March 30, 2024 at 12:32 pm

Scientists Said They Could Revive A Woolly Mammoth By 2027. That Timeline May Be A Lot Sooner Than Expected.

by Trisha Leigh

Source: Shutterstock

Scientists said a while ago that they would be able to fully resurrect the woolly mammoth from extinction by 2027.

Now that we’re three short years away from that self-imposed deadline, the scientists involved say they’re pretty close to the finish line.

De-extinction company Colossal Biosciences are using the edited genes of an Asian elephant, and have now been able to propagate those cells indefinitely in a lab.

Asian elephant DNA is a 99.6% match to the DNA of the woolly mammoth, so the team believes they can tune the animal to closely resemble the ancient species in this manner.

To achieve this, they’re using the first-ever induced pluripotent stem cell (iPSC).

Source: Shutterstock

And iPSC is a single cell source that offers access to every other type of cell in a body; this would potentially allow the creation of sperm and egg cells, as well.

Eriona Hysolli, head of biological sciences at Colossal, recently made a statement about their research.

“Elephants are a very special species, and we have only just begun to scratch the surface of their fundamental biology.”

The firm, based in Dallas, has been given hundreds of millions of dollars in funding and has the stated goal of not only bringing the mammoth back from extinction, but of reintroducing it into its original ecosystem.
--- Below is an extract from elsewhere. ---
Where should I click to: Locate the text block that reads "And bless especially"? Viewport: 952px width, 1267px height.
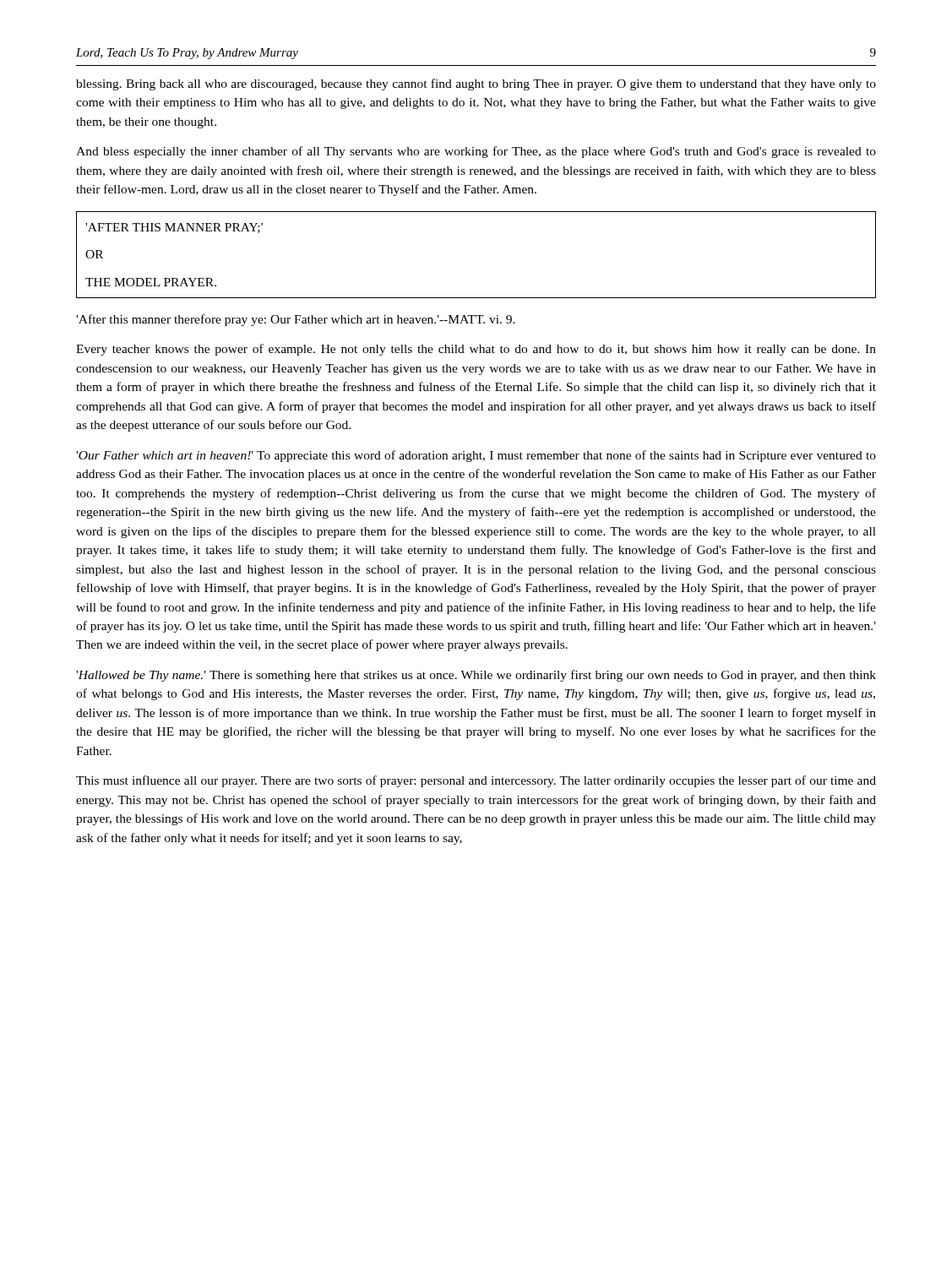click(476, 170)

The mammoths original populated parts of the arctic. These new beings will be “functional mammoths,” and not a direct genetic match to the species that went extinct.

Source: Shutterstock

The would still be able to strengthen local plant life with their migration patterns and dietary habits, however.

George Church, Colossal co-founder and Harvard geneticist, issued a statement about why he thinks their work is so important.

“Elephants might get the ‘hardest to reprogram’ prize, but learning how to do it anyway will help many other studies, especially on endangered species. This milestone gives us insights into developmental biology and the balance between senescence and cancer.”

Since the team can now mature the elephant’s iPSC cells in the lab, they should be able to use them to grow an edited cell all the way through the 22-month gestation period.

Whether or not those babies will grow into healthy adults is really anyone’s guess at this point.

There are many who have ethical reservations about this project – the age-old question of whether or not you should do something just because you can.

Ecologist and conservation biologist Douglas McCauley says we have no business introducing what is essentially a new species into the Arctic ecosystem.

Source: Shutterstock

After all, even if it looks like a woolly mammoth, it’s not, so we have no idea how it will behave once let loose in the wild.

Not to mention the ethics of spending millions of dollars to bring back an extinct species – millions of dollars that could possibly be better spent helping the species still alive (or the planet) stay alive instead.

I’m sure these are just a couple of the arguments against this sort of research, but honestly, it’s probably a waste of breath.

Colossal has made its choice, and believes that their work will produce something very special in the end.